--- EXTRACTED ENTRIES ---

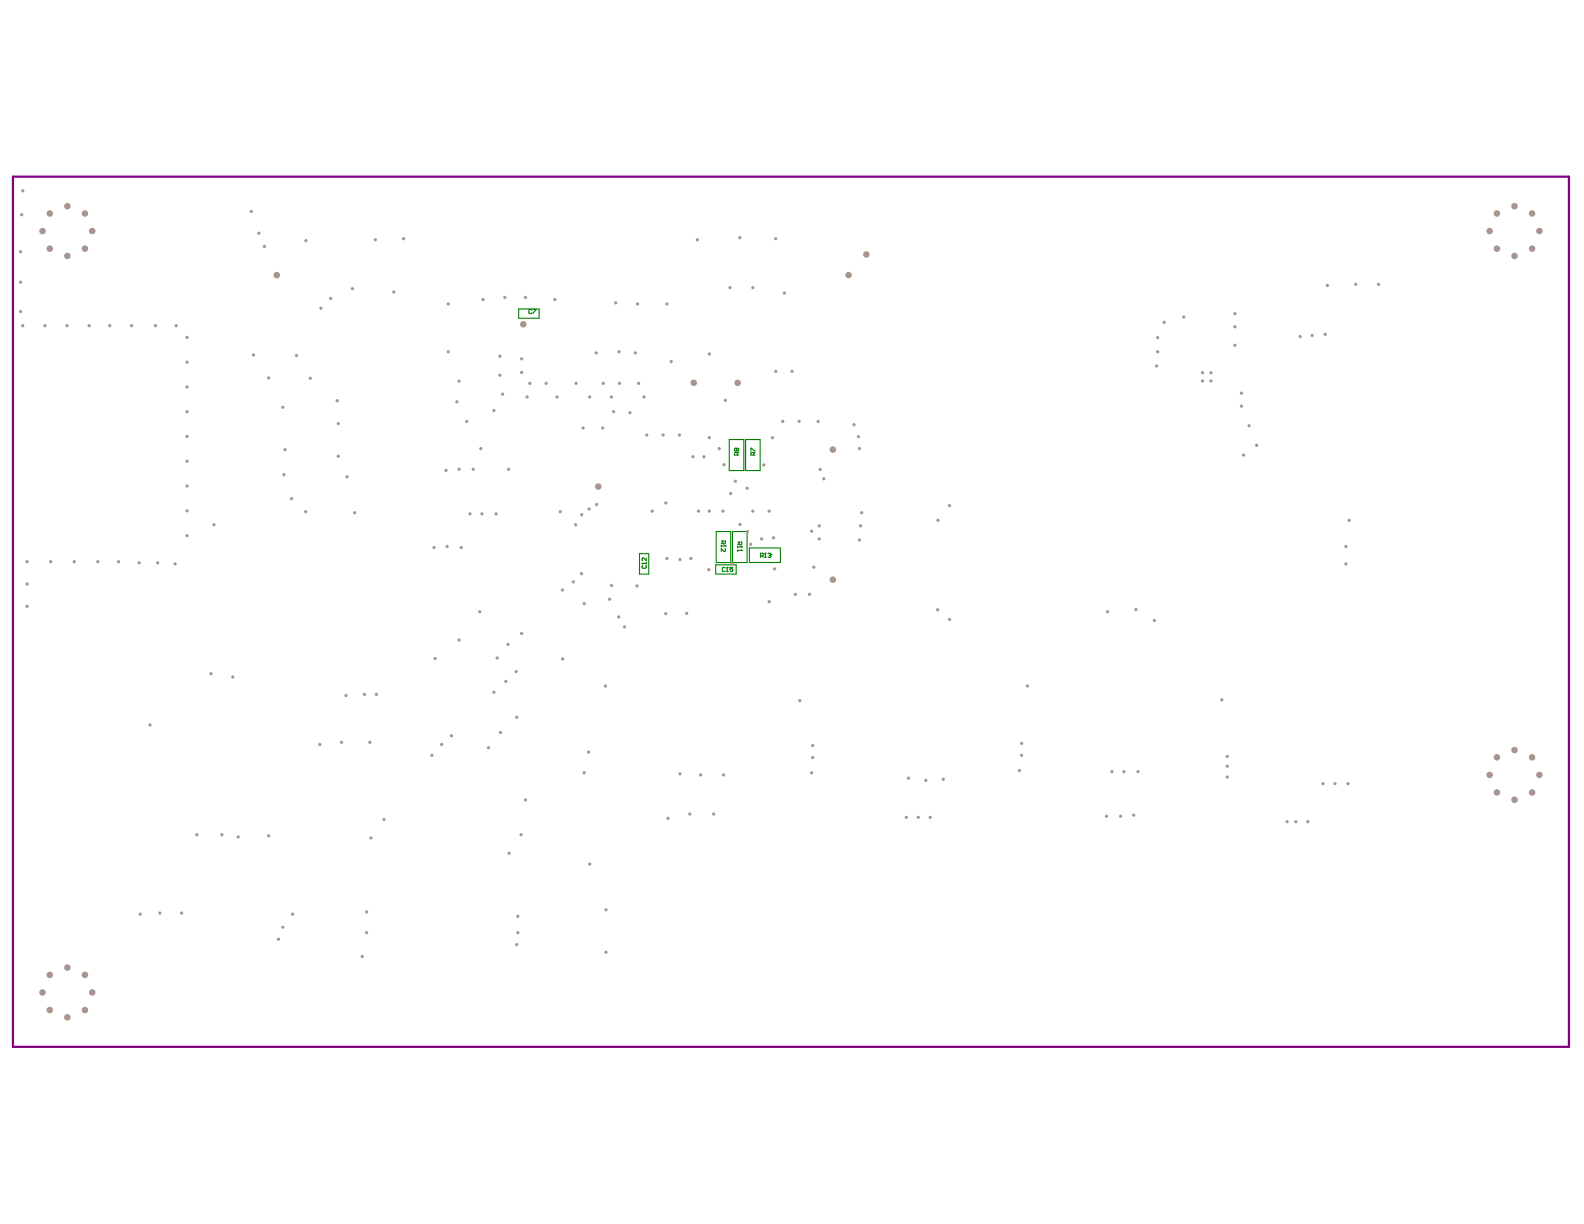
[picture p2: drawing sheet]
<svg xmlns="http://www.w3.org/2000/svg" width="279mm" height="216mm" viewBox="0 0 279 216" stroke-linecap="round" stroke-linejoin="round" font-family="sans-serif">
<path d="M91.5 54.5h3.6v1.6h-3.6zM128.6 77.5h2.6v5.5h-2.6zM131.5 77.5h2.6v5.5h-2.6zM112.8 97.7h1.6v3.6h-1.6zM126.2 99.6h3.7v1.7h-3.7zM126.3 93.8h2.6v5.4h-2.6zM129.2 93.8h2.6v5.4h-2.6zM132.2 96.7h5.5v2.5h-5.5z" fill="none" stroke="#008000" stroke-width=".19"/>
<g fill="none" stroke="#008000" stroke-width=".2">
<path d="M93.8 54.7l-.1-.1-.4 .1v.5l.1 .1 .4-.1M94 54.6h.5l-.5 .7M129.9 79.2l-.1-.1-.2 .1 .1 .3 .2-.1M129.9 79.2l.2-.1 .2 .1-.1 .3-.3-.1M129.9 79.2v.2M130.3 79.8l-.2 .2M132.4 79.5v-.4l.8 .4M133.2 79.8l-.3 .2M113.3 99.4h.1M113.3 99.4h.7M113.3 99.4l.1 .1M113.4 99.7l-.1 .2 .1 .3h.5l.1-.1-.1-.4"/>
<path d="M114 98.4v.5l-.5-.5-.2 .1 .1 .4M114 99.3v.2M127.2 95.4h.8v.4l-.4 .1-.1-.1v-.4M127.2 96.2v.2M127.2 96.3h.8M127.5 95.7l-.3 .2M127.8 96.8l.2 .1-.2 .4-.6-.5v.5M127.8 96.2l.2 .1M128 96.3h.1M130.1 80.3v-.4l-.2-.1-.3 .1v.4h.7M130.1 95.6h.7v.4l-.3 .1-.1-.1v-.4M130.1 96.4v.2"/>
<path d="M130.1 97v.2M130.1 96.5h.7M130.1 97.1h.7M130.4 95.9l-.3 .2M130.7 96.4l.1 .1M130.7 97l.1 .1M130.8 96.5h.1M130.8 97.1h.1M132.9 80.3v-.4l-.1-.1-.4 .1v.4h.8M134.1 98.1h.4l.1-.4-.1-.1h-.4v.7M134.4 98.1l.2 .2M134.9 98.3h.2"/>
<path d="M135 97.6h.1M135 97.6l-.1 .1M135 97.6v.7M135.5 97.7l.3-.1 .2 .2M135.7 97.9h.1M135.8 97.9l.2 .2-.2 .2-.3-.1M136 97.8h.1M136 97.8l-.2 .1M127.9 100.2l-.1-.1-.4 .1v.5l.1 .1 .4-.1M128.2 100.8h.2M128.3 100.1h.1M128.3 100.1v.7"/>
<path d="M128.3 100.1l-.1 .1M129.2 100.1h-.4v.3l.3-.1 .1 .4-.1 .1-.3-.1"/>
</g>
<path d="M2.3 31.2h274.4v153.5h-274.4z" fill="none" stroke="#800080" stroke-width=".39"/>
<g fill="#a6968d">
<circle cx="20.9" cy="99.1" r=".29"/>
<circle cx="24.5" cy="99.3" r=".29"/>
<circle cx="27.8" cy="99.3" r=".29"/>
<circle cx="30.9" cy="99.5" r=".29"/>
<circle cx="31.1" cy="57.4" r=".29"/>
<circle cx="27.4" cy="57.4" r=".29"/>
<circle cx="23.2" cy="57.4" r=".29"/>
<circle cx="19.4" cy="57.4" r=".29"/>
<circle cx="92.3" cy="57.2" r=".58"/>
<circle cx="131.9" cy="93.8" r=".29"/>
<circle cx="136.6" cy="100.3" r=".29"/>
<circle cx="128.9" cy="87" r=".29"/>
<circle cx="131.8" cy="86.1" r=".29"/>
<circle cx="134.7" cy="82" r=".29"/>
<circle cx="145.3" cy="84.5" r=".29"/>
<circle cx="144.7" cy="82.8" r=".29"/>
<circle cx="122.4" cy="67.5" r=".58"/>
<circle cx="146.9" cy="79.3" r=".58"/>
<circle cx="105.2" cy="89" r=".29"/>
<circle cx="103.9" cy="89.8" r=".29"/>
<circle cx="101.5" cy="92.6" r=".29"/>
<circle cx="37.7" cy="92.6" r=".29"/>
<circle cx="54.7" cy="66.7" r=".29"/>
<circle cx="102.6" cy="90.8" r=".29"/>
<circle cx="52.3" cy="62.7" r=".29"/>
<circle cx="46.6" cy="43.5" r=".29"/>
<circle cx="48.8" cy="48.5" r=".58"/>
<circle cx="127.7" cy="82" r=".29"/>
<circle cx="129.7" cy="84.9" r=".29"/>
<circle cx="26.5" cy="127.9" r=".29"/>
<circle cx="130.1" cy="67.5" r=".58"/>
<circle cx="130.5" cy="92.5" r=".29"/>
<circle cx="146.9" cy="102.2" r=".58"/>
<circle cx="135.7" cy="106.1" r=".29"/>
<circle cx="107.9" cy="103.3" r=".29"/>
<circle cx="107.5" cy="105.7" r=".29"/>
<circle cx="106.8" cy="121" r=".29"/>
<circle cx="141.1" cy="123.6" r=".29"/>
<circle cx="181.2" cy="121" r=".29"/>
<circle cx="112.4" cy="103.4" r=".29"/>
<circle cx="215.5" cy="123.4" r=".29"/>
<circle cx="117.4" cy="108.2" r=".29"/>
<circle cx="121.1" cy="108.2" r=".29"/>
<circle cx="125" cy="100.5" r=".29"/>
<circle cx="109.1" cy="108.8" r=".29"/>
<circle cx="110.2" cy="110.6" r=".29"/>
<circle cx="99.2" cy="116.2" r=".29"/>
<circle cx="89.7" cy="82.8" r=".29"/>
<circle cx="126.9" cy="79.1" r=".29"/>
<circle cx="128" cy="70.6" r=".29"/>
<circle cx="54" cy="42.5" r=".29"/>
<circle cx="152.8" cy="44.9" r=".58"/>
<circle cx="149.7" cy="48.5" r=".58"/>
<circle cx="167.5" cy="89.2" r=".29"/>
<circle cx="165.4" cy="91.8" r=".29"/>
<circle cx="165.4" cy="107.6" r=".29"/>
<circle cx="167.5" cy="109.3" r=".29"/>
<circle cx="105.5" cy="85.8" r=".58"/>
<circle cx="93.5" cy="67.6" r=".29"/>
<circle cx="92" cy="65.7" r=".29"/>
<circle cx="92" cy="63.3" r=".29"/>
<circle cx="88.2" cy="62.8" r=".29"/>
<circle cx="88.2" cy="66.2" r=".29"/>
<circle cx="88.7" cy="69.5" r=".29"/>
<circle cx="93" cy="70" r=".29"/>
<circle cx="98.2" cy="70" r=".29"/>
<circle cx="104" cy="70" r=".29"/>
<circle cx="107.8" cy="70" r=".29"/>
<circle cx="113.6" cy="70" r=".29"/>
<circle cx="112.6" cy="67.6" r=".29"/>
<circle cx="109.3" cy="67.6" r=".29"/>
<circle cx="106.4" cy="67.6" r=".29"/>
<circle cx="101.6" cy="67.6" r=".29"/>
<circle cx="96.3" cy="67.6" r=".29"/>
<circle cx="144.3" cy="74.3" r=".29"/>
<circle cx="141" cy="74.3" r=".29"/>
<circle cx="138.1" cy="74.3" r=".29"/>
<circle cx="119.8" cy="76.7" r=".29"/>
<circle cx="117" cy="76.7" r=".29"/>
<circle cx="114.1" cy="76.7" r=".29"/>
<circle cx="118.4" cy="63.8" r=".29"/>
<circle cx="125.1" cy="77.2" r=".29"/>
<circle cx="124.2" cy="80.6" r=".29"/>
<circle cx="122.2" cy="80.6" r=".29"/>
<circle cx="127.5" cy="90.2" r=".29"/>
<circle cx="125.1" cy="90.2" r=".29"/>
<circle cx="123.2" cy="90.2" r=".29"/>
<circle cx="135.7" cy="90.2" r=".29"/>
<circle cx="132.8" cy="90.2" r=".29"/>
<circle cx="117.4" cy="88.7" r=".29"/>
<circle cx="115" cy="90.2" r=".29"/>
<circle cx="102.6" cy="101.2" r=".29"/>
<circle cx="101.1" cy="102.6" r=".29"/>
<circle cx="99.2" cy="104.1" r=".29"/>
<circle cx="92" cy="111.7" r=".29"/>
<circle cx="89.6" cy="113.7" r=".29"/>
<circle cx="87.7" cy="116.1" r=".29"/>
<circle cx="103" cy="106.5" r=".29"/>
<circle cx="91.1" cy="118.5" r=".29"/>
<circle cx="89.2" cy="120.2" r=".29"/>
<circle cx="87.1" cy="122.1" r=".29"/>
<circle cx="79.6" cy="129.8" r=".29"/>
<circle cx="77.9" cy="131.3" r=".29"/>
<circle cx="76.2" cy="133.2" r=".29"/>
<circle cx="67.7" cy="144.6" r=".29"/>
<circle cx="65.4" cy="147.8" r=".29"/>
<circle cx="64.7" cy="160.9" r=".29"/>
<circle cx="64.7" cy="164.5" r=".29"/>
<circle cx="63.9" cy="168.7" r=".29"/>
<circle cx="91.3" cy="161.6" r=".29"/>
<circle cx="91.3" cy="164.5" r=".29"/>
<circle cx="91.1" cy="166.6" r=".29"/>
<circle cx="51.6" cy="161.2" r=".29"/>
<circle cx="49.9" cy="163.5" r=".29"/>
<circle cx="49.1" cy="165.7" r=".29"/>
<circle cx="47.4" cy="147.4" r=".29"/>
<circle cx="42" cy="147.6" r=".29"/>
<circle cx="39.1" cy="147.2" r=".29"/>
<circle cx="34.7" cy="147.2" r=".29"/>
<circle cx="32" cy="161.1" r=".29"/>
<circle cx="28.2" cy="161.1" r=".29"/>
<circle cx="24.7" cy="161.2" r=".29"/>
<circle cx="65.2" cy="130.9" r=".29"/>
<circle cx="60.2" cy="130.9" r=".29"/>
<circle cx="56.4" cy="131.3" r=".29"/>
<circle cx="66.4" cy="122.5" r=".29"/>
<circle cx="64.3" cy="122.5" r=".29"/>
<circle cx="61" cy="122.7" r=".29"/>
<circle cx="81.4" cy="96.6" r=".29"/>
<circle cx="78.9" cy="96.4" r=".29"/>
<circle cx="76.6" cy="96.6" r=".29"/>
<circle cx="112.1" cy="62.2" r=".29"/>
<circle cx="109.2" cy="62.1" r=".29"/>
<circle cx="105.2" cy="62.2" r=".29"/>
<circle cx="111.1" cy="72.8" r=".29"/>
<circle cx="108.2" cy="72.6" r=".29"/>
<circle cx="106.3" cy="75.5" r=".29"/>
<circle cx="102.9" cy="75.5" r=".29"/>
<circle cx="87.1" cy="72.4" r=".29"/>
<circle cx="82.3" cy="74.3" r=".29"/>
<circle cx="80.6" cy="70.9" r=".29"/>
<circle cx="81" cy="67.2" r=".29"/>
<circle cx="79.1" cy="62.1" r=".29"/>
<circle cx="117.6" cy="53.6" r=".29"/>
<circle cx="112.5" cy="53.6" r=".29"/>
<circle cx="108.6" cy="53.4" r=".29"/>
<circle cx="97.9" cy="52.8" r=".29"/>
<circle cx="92.7" cy="52.5" r=".29"/>
<circle cx="89" cy="52.5" r=".29"/>
<circle cx="85.2" cy="52.8" r=".29"/>
<circle cx="79.1" cy="53.6" r=".29"/>
<circle cx="136.8" cy="42.1" r=".29"/>
<circle cx="130.5" cy="41.9" r=".29"/>
<circle cx="123" cy="42.3" r=".29"/>
<circle cx="138.4" cy="51.7" r=".29"/>
<circle cx="132.8" cy="50.7" r=".29"/>
<circle cx="128.8" cy="50.7" r=".29"/>
<circle cx="69.5" cy="51.5" r=".29"/>
<circle cx="62.2" cy="50.9" r=".29"/>
<circle cx="58.3" cy="52.7" r=".29"/>
<circle cx="56.6" cy="54.4" r=".29"/>
<circle cx="45.7" cy="41.1" r=".29"/>
<circle cx="44.3" cy="37.3" r=".29"/>
<circle cx="71.2" cy="42.1" r=".29"/>
<circle cx="66.2" cy="42.3" r=".29"/>
<circle cx="59.5" cy="70.7" r=".29"/>
<circle cx="59.7" cy="74.7" r=".29"/>
<circle cx="59.7" cy="80.5" r=".29"/>
<circle cx="61.2" cy="84.1" r=".29"/>
<circle cx="49.9" cy="71.8" r=".29"/>
<circle cx="50.3" cy="79.3" r=".29"/>
<circle cx="50.1" cy="83.7" r=".29"/>
<circle cx="62.6" cy="90.4" r=".29"/>
<circle cx="53.9" cy="90.3" r=".29"/>
<circle cx="51.4" cy="88" r=".29"/>
<circle cx="47.4" cy="66.7" r=".29"/>
<circle cx="44.7" cy="62.6" r=".29"/>
<circle cx="84.6" cy="107.9" r=".29"/>
<circle cx="81" cy="112.9" r=".29"/>
<circle cx="76.8" cy="116.2" r=".29"/>
<circle cx="41.1" cy="119.4" r=".29"/>
<circle cx="37.2" cy="118.8" r=".29"/>
<circle cx="91.1" cy="126.5" r=".29"/>
<circle cx="88.3" cy="129.2" r=".29"/>
<circle cx="86.2" cy="131.9" r=".29"/>
<circle cx="92.7" cy="141.1" r=".29"/>
<circle cx="91.9" cy="147.2" r=".29"/>
<circle cx="89.8" cy="150.5" r=".29"/>
<circle cx="104" cy="152.4" r=".29"/>
<circle cx="106.9" cy="160.5" r=".29"/>
<circle cx="106.9" cy="168" r=".29"/>
<circle cx="127.6" cy="136.7" r=".29"/>
<circle cx="123.6" cy="136.7" r=".29"/>
<circle cx="119.9" cy="136.5" r=".29"/>
<circle cx="125.9" cy="143.6" r=".29"/>
<circle cx="121.7" cy="143.6" r=".29"/>
<circle cx="117.8" cy="144.4" r=".29"/>
<circle cx="166.4" cy="137.5" r=".29"/>
<circle cx="163.3" cy="137.6" r=".29"/>
<circle cx="160.2" cy="137.3" r=".29"/>
<circle cx="162" cy="144.2" r=".29"/>
<circle cx="159.9" cy="144.2" r=".29"/>
<circle cx="164.1" cy="144.2" r=".29"/>
<circle cx="200.7" cy="136.1" r=".29"/>
<circle cx="198.2" cy="136.1" r=".29"/>
<circle cx="196.1" cy="136.1" r=".29"/>
<circle cx="200" cy="143.8" r=".29"/>
<circle cx="197.7" cy="144" r=".29"/>
<circle cx="195.2" cy="144" r=".29"/>
<circle cx="180.2" cy="131.1" r=".29"/>
<circle cx="180.2" cy="133.2" r=".29"/>
<circle cx="179.8" cy="135.9" r=".29"/>
<circle cx="143.4" cy="131.5" r=".29"/>
<circle cx="143.4" cy="133.6" r=".29"/>
<circle cx="143.2" cy="136.3" r=".29"/>
<circle cx="216.5" cy="133.4" r=".29"/>
<circle cx="216.5" cy="135.2" r=".29"/>
<circle cx="216.5" cy="137.1" r=".29"/>
<circle cx="230.7" cy="144.9" r=".29"/>
<circle cx="228.6" cy="144.9" r=".29"/>
<circle cx="227" cy="144.9" r=".29"/>
<circle cx="235.5" cy="138.2" r=".29"/>
<circle cx="233.4" cy="138.2" r=".29"/>
<circle cx="237.8" cy="138.2" r=".29"/>
<circle cx="243.2" cy="50.2" r=".29"/>
<circle cx="239.1" cy="50.2" r=".29"/>
<circle cx="234.1" cy="50.3" r=".29"/>
<circle cx="233.7" cy="59" r=".29"/>
<circle cx="231.4" cy="59.2" r=".29"/>
<circle cx="229.3" cy="59.4" r=".29"/>
<circle cx="217.8" cy="60.9" r=".29"/>
<circle cx="217.8" cy="57.6" r=".29"/>
<circle cx="217.8" cy="55.3" r=".29"/>
<circle cx="208.8" cy="55.9" r=".29"/>
<circle cx="205.3" cy="56.9" r=".29"/>
<circle cx="204.2" cy="59.6" r=".29"/>
<circle cx="204.2" cy="62.1" r=".29"/>
<circle cx="204" cy="64.5" r=".29"/>
<circle cx="219" cy="69.3" r=".29"/>
<circle cx="219" cy="71.6" r=".29"/>
<circle cx="220.3" cy="75.1" r=".29"/>
<circle cx="221.7" cy="78.6" r=".29"/>
<circle cx="219.4" cy="80.3" r=".29"/>
<circle cx="238" cy="91.8" r=".29"/>
<circle cx="237.4" cy="96.4" r=".29"/>
<circle cx="237.4" cy="99.5" r=".29"/>
<circle cx="203.6" cy="109.4" r=".29"/>
<circle cx="200.4" cy="107.5" r=".29"/>
<circle cx="195.4" cy="107.9" r=".29"/>
<circle cx="152" cy="90.4" r=".29"/>
<circle cx="151.8" cy="92.8" r=".29"/>
<circle cx="151.6" cy="95.2" r=".29"/>
<circle cx="144.5" cy="92.8" r=".29"/>
<circle cx="144.5" cy="95.1" r=".29"/>
<circle cx="143.2" cy="93.7" r=".29"/>
<circle cx="143.5" cy="100" r=".29"/>
<circle cx="142.8" cy="104.8" r=".29"/>
<circle cx="140.3" cy="104.8" r=".29"/>
<circle cx="136.4" cy="94.9" r=".29"/>
<circle cx="134.3" cy="95.1" r=".29"/>
<circle cx="132.4" cy="96" r=".29"/>
<circle cx="129.1" cy="99.5" r=".29"/>
<circle cx="121.9" cy="98.5" r=".29"/>
<circle cx="119.9" cy="98.7" r=".29"/>
<circle cx="117.6" cy="98.5" r=".29"/>
<circle cx="87.5" cy="90.6" r=".29"/>
<circle cx="85" cy="90.6" r=".29"/>
<circle cx="82.9" cy="90.6" r=".29"/>
<circle cx="98.8" cy="90.3" r=".29"/>
<circle cx="83.5" cy="82.8" r=".29"/>
<circle cx="81" cy="82.8" r=".29"/>
<circle cx="78.7" cy="83" r=".29"/>
<circle cx="84.8" cy="79.1" r=".29"/>
<circle cx="139.7" cy="65.5" r=".29"/>
<circle cx="136.8" cy="65.5" r=".29"/>
<circle cx="125.1" cy="62.4" r=".29"/>
<circle cx="136.3" cy="77.2" r=".29"/>
<circle cx="151.6" cy="79.1" r=".29"/>
<circle cx="151.4" cy="77" r=".29"/>
<circle cx="150.6" cy="74.9" r=".29"/>
<circle cx="103.8" cy="132.7" r=".29"/>
<circle cx="103" cy="136.3" r=".29"/>
<circle cx="4" cy="57.4" r=".29"/>
<circle cx="7.9" cy="57.4" r=".29"/>
<circle cx="11.8" cy="57.4" r=".29"/>
<circle cx="15.7" cy="57.4" r=".29"/>
<circle cx="33" cy="59.5" r=".29"/>
<circle cx="33" cy="63.9" r=".29"/>
<circle cx="33" cy="68.3" r=".29"/>
<circle cx="33" cy="72.6" r=".29"/>
<circle cx="33" cy="77" r=".29"/>
<circle cx="33" cy="81.4" r=".29"/>
<circle cx="33" cy="85.7" r=".29"/>
<circle cx="33" cy="90.1" r=".29"/>
<circle cx="33" cy="94.5" r=".29"/>
<circle cx="17.3" cy="99.1" r=".29"/>
<circle cx="13.1" cy="99.1" r=".29"/>
<circle cx="8.9" cy="99.1" r=".29"/>
<circle cx="4.8" cy="99.1" r=".29"/>
<circle cx="4.8" cy="103" r=".29"/>
<circle cx="4.8" cy="106.9" r=".29"/>
<circle cx="3.6" cy="55" r=".29"/>
<circle cx="3.6" cy="49.8" r=".29"/>
<circle cx="3.6" cy="44.4" r=".29"/>
<circle cx="3.8" cy="37.9" r=".29"/>
<circle cx="4" cy="33.7" r=".29"/>
<circle cx="15" cy="172" r=".58"/>
<circle cx="11.9" cy="170.7" r=".58"/>
<circle cx="8.8" cy="172" r=".58"/>
<circle cx="8.8" cy="178.2" r=".58"/>
<circle cx="11.9" cy="179.4" r=".58"/>
<circle cx="15" cy="178.2" r=".58"/>
<circle cx="16.3" cy="175.1" r=".58"/>
<circle cx="7.5" cy="175.1" r=".58"/>
<circle cx="270.2" cy="133.6" r=".58"/>
<circle cx="267.1" cy="132.3" r=".58"/>
<circle cx="264" cy="133.6" r=".58"/>
<circle cx="264" cy="139.8" r=".58"/>
<circle cx="267.1" cy="141.1" r=".58"/>
<circle cx="270.2" cy="139.8" r=".58"/>
<circle cx="271.5" cy="136.7" r=".58"/>
<circle cx="262.8" cy="136.7" r=".58"/>
<circle cx="262.8" cy="40.8" r=".58"/>
<circle cx="271.5" cy="40.8" r=".58"/>
<circle cx="270.2" cy="43.9" r=".58"/>
<circle cx="267.1" cy="45.1" r=".58"/>
<circle cx="264" cy="43.9" r=".58"/>
<circle cx="264" cy="37.7" r=".58"/>
<circle cx="267.1" cy="36.4" r=".58"/>
<circle cx="270.2" cy="37.7" r=".58"/>
<circle cx="15" cy="37.7" r=".58"/>
<circle cx="11.9" cy="36.4" r=".58"/>
<circle cx="8.8" cy="37.7" r=".58"/>
<circle cx="8.8" cy="43.9" r=".58"/>
<circle cx="11.9" cy="45.1" r=".58"/>
<circle cx="15" cy="43.9" r=".58"/>
<circle cx="16.3" cy="40.8" r=".58"/>
<circle cx="7.5" cy="40.8" r=".58"/>
<circle cx="213.6" cy="65.7" r=".29"/>
<circle cx="213.6" cy="67.2" r=".29"/>
<circle cx="212.1" cy="67.2" r=".29"/>
<circle cx="212.1" cy="65.7" r=".29"/>
</g>
</svg>

---

WHAT TO WORK ON: Whenever a line above contains "fill", copy that line.

TASK ANSWER:
<path d="M91.5 54.5h3.6v1.6h-3.6zM128.6 77.5h2.6v5.5h-2.6zM131.5 77.5h2.6v5.5h-2.6zM112.8 97.7h1.6v3.6h-1.6zM126.2 99.6h3.7v1.7h-3.7zM126.3 93.8h2.6v5.4h-2.6zM129.2 93.8h2.6v5.4h-2.6zM132.2 96.7h5.5v2.5h-5.5z" fill="none" stroke="#008000" stroke-width=".19"/>
<g fill="none" stroke="#008000" stroke-width=".2">
<path d="M2.3 31.2h274.4v153.5h-274.4z" fill="none" stroke="#800080" stroke-width=".39"/>
<g fill="#a6968d">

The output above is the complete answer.